IT was a record turnout at the eighth annual St Helens 10k today, which saw hundreds of runners take to the streets to take on the sporting event which is a highlight of the town's calendar.

Organisers believe up to 1,000 spectators lined the streets to watch the event unfold.

Among the 2,000-strong competitors were many personal achievements and inspiring personal stories.

Matt Crehan was the first man over the line in 31mins 22s and the first-placed woman was Kelly Hamilton, in 40mins 16s.

Matt, 26, from Newton-le-Willows, who is the chairman of St Helens Sutton AC, said: “I feel great, it’s been tough because I’ve been injured this week after a tough race last Saturday, so I was just seeing how I went.

“But I felt good out there and was going for the course record that was the aim.

“It’s great to run in the home town and the support has been brilliant, it was great seeing all the others out there as well and cheering them on as I went past, it’s great fun.

“This is my second year doing it, I was second last year after my good mate John Ashcroft and I’ve just beat his record, so I’m sure he’ll be back next year to have another crack at it.”
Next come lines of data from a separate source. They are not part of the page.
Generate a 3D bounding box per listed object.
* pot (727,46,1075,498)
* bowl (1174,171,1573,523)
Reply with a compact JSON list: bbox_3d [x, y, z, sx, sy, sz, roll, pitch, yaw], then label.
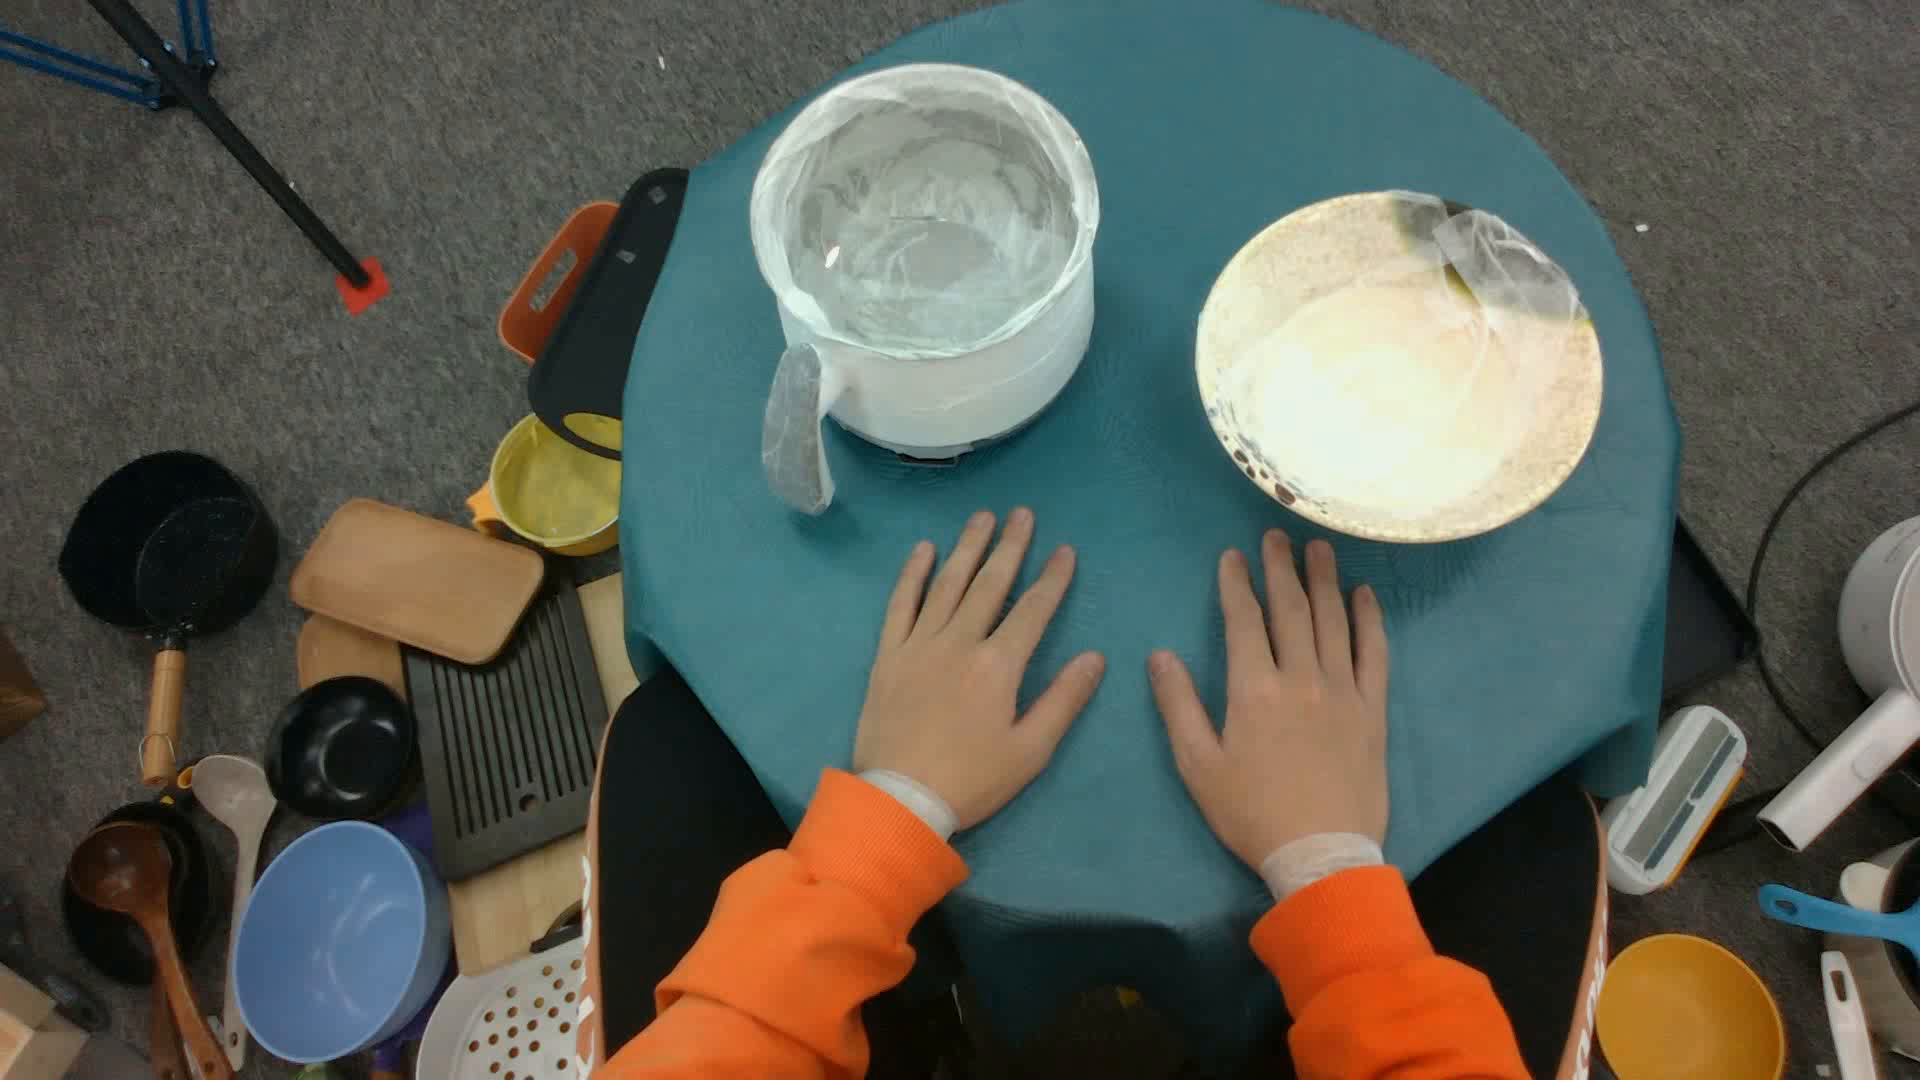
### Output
[{"bbox_3d":[-0.042,-0.133,0.745,0.179,0.136,0.234,30,73,14],"label":"pot"},{"bbox_3d":[0.216,-0.093,0.749,0.204,0.078,0.204,-1,70,3],"label":"bowl"}]

Matt got back into the sport in 2016 after not running for eight years and weighing in at 14 stone.

He added: “After a major life event, I decided to get back to something I knew I loved, my mum was an Olympic marathon runner and my dad was an Olympic coach, so getting back to running was important to me.

“I turned my life around and now I’m ranked 15th in the country for 5k.”

St Helens Star:

The parents of Violet-Grace and Isabella Rose embrace at the finish line 

It was an emotional day for many, but none more so than Becky and Glenn Youens, who opened this year’s event in memory of their daughter Violet-Grace who died in a hit and run in March last year - aged four.

This was their first 10k, where they counted down the rest of the competitors and ran the event, before ending at the finish line together.

Becky and Glenn were joined by the Isabella Rose Foundation’s Amanda Pope and Geoff Parr, whose daughter was stillborn in October 2011.

The two families joined forces after Violet’s tragic death and have supported each other’s charities.

Becky, 30, said: “I ran without stopping, it’s the first I’ve ran ever I’m well chuffed.

“I just kept on thinking of our angels Violet and Isabella that’s what got me through.”

Glenn added: “It was quite emotional seeing all the pink tops with Isabella and Violet on them.

“The town and the team just come together, everyone is cheering everyone on and it makes you want to carry on and do more.

“Rebecca did her first run without stopping as well, it was amazing.”

Becky added: “It’s something really positive.”

This year each runner of the 10k received a form with information regarding organ donation, so that other lives may potentially be saved in Violet-Grace’s memory.

Geoff Parr, Isabella’s dad, added: “We are just glad we could help them along, when the tragedy happened to them, our children went to school together and it’s a natural thing that we have been there to help them

“I’m just glad to achieve things like this with Becky and Glenn because it’s giving them something back and it’s helping them help others and we know that that’s the best feeling.

“Seeing Becky do that then without stopping was absolutely amazing, she plays it down, but she was absolutely amazing, I’m so proud of her.”

Becky added: “Violet and Harry (Amanda Pope and Geoff Parr’s son – Isabella’s brother) were best friends at school.

“He had a massive influence on her life I know they were always dancing around in school together and I know that now Violet and Isabella are dancing around in heaven and looking after each other.”

Also, among the North Road survivors were Ann-Marie Barrow, 35, widow of former rugby league player Tony, and Linzi Prescott, widow of Steve, who ran her eighth 10k.